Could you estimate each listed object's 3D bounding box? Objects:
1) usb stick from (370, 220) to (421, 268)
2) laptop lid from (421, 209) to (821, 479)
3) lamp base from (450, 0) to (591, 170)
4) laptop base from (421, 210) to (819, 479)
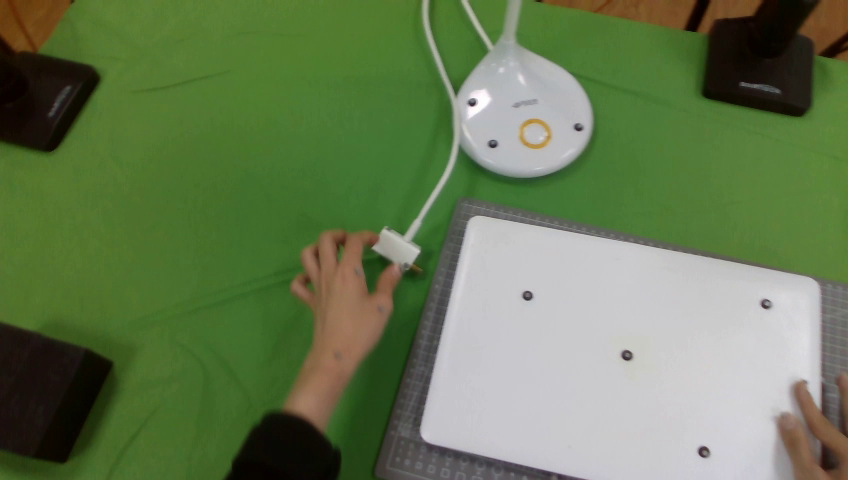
[{"bbox_3d":[-0.024,0.006,0.624,0.059,0.021,0.027,36,101,-9],"label":"usb stick"},{"bbox_3d":[0.191,0.105,0.572,0.356,0.013,0.240,13,70,7],"label":"laptop lid"},{"bbox_3d":[0.102,-0.192,0.629,0.161,0.181,0.177,-23,64,-8],"label":"lamp base"},{"bbox_3d":[0.192,0.108,0.584,0.354,0.023,0.234,11,70,6],"label":"laptop base"}]
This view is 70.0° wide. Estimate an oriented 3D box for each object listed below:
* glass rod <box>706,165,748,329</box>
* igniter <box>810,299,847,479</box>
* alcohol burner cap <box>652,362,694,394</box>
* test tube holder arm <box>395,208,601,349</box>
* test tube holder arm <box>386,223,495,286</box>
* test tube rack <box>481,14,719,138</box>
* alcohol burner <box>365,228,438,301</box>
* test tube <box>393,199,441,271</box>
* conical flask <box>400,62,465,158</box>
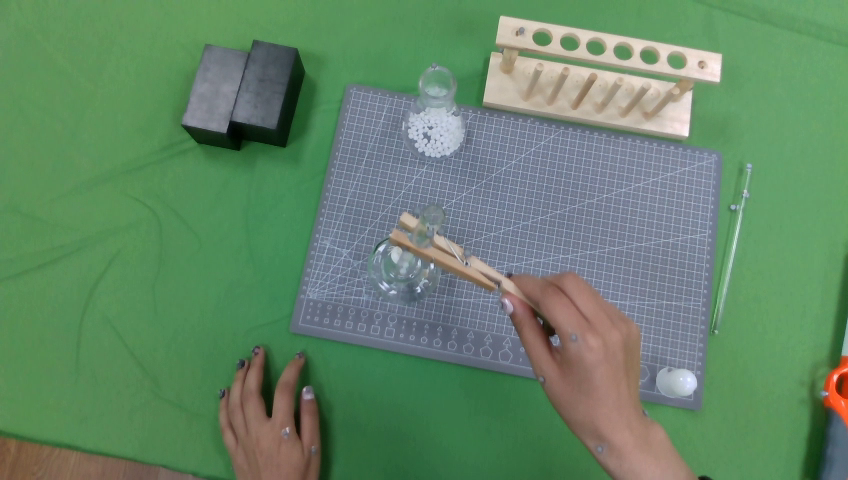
[{"bbox_3d":[0.345,0.006,0.689,0.008,0.008,0.199,17,80,2],"label":"glass rod"},{"bbox_3d":[0.461,0.135,0.655,0.057,0.025,0.275,21,78,-7],"label":"igniter"},{"bbox_3d":[0.264,0.144,0.636,0.034,0.048,0.033,0,76,-1],"label":"alcohol burner cap"},{"bbox_3d":[0.055,0.029,0.451,0.178,0.015,0.013,32,76,0],"label":"test tube holder arm"},{"bbox_3d":[0.013,0.012,0.449,0.088,0.015,0.010,25,75,-2],"label":"test tube holder arm"},{"bbox_3d":[0.193,-0.183,0.687,0.242,0.085,0.066,10,77,1],"label":"test tube rack"},{"bbox_3d":[-0.023,0.022,0.618,0.078,0.119,0.077,0,75,0],"label":"alcohol burner"},{"bbox_3d":[-0.008,0.000,0.463,0.017,0.150,0.017,3,74,-9],"label":"test tube"},{"bbox_3d":[0.011,-0.143,0.651,0.075,0.122,0.075,0,77,-1],"label":"conical flask"}]
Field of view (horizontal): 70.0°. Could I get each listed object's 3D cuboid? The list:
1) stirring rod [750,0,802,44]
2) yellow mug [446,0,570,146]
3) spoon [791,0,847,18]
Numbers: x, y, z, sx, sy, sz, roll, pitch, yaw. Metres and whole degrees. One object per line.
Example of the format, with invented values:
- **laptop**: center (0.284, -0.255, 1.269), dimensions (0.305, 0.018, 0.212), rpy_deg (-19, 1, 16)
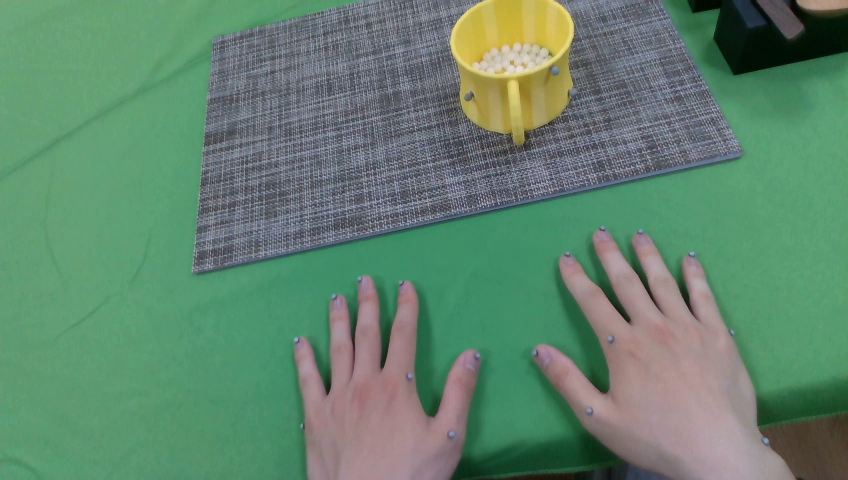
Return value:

-----

→ **Task instructions**
Filter the lines above so that only those with the string "each" remain, then copy them.

→ **Task solution**
Could you estimate each listed object's 3D bounding box? Objects:
This view is 70.0° wide. Estimate an oriented 3D box for each object listed below:
Field of view (horizontal): 70.0°. Could I get each listed object's 3D cuboid? The list:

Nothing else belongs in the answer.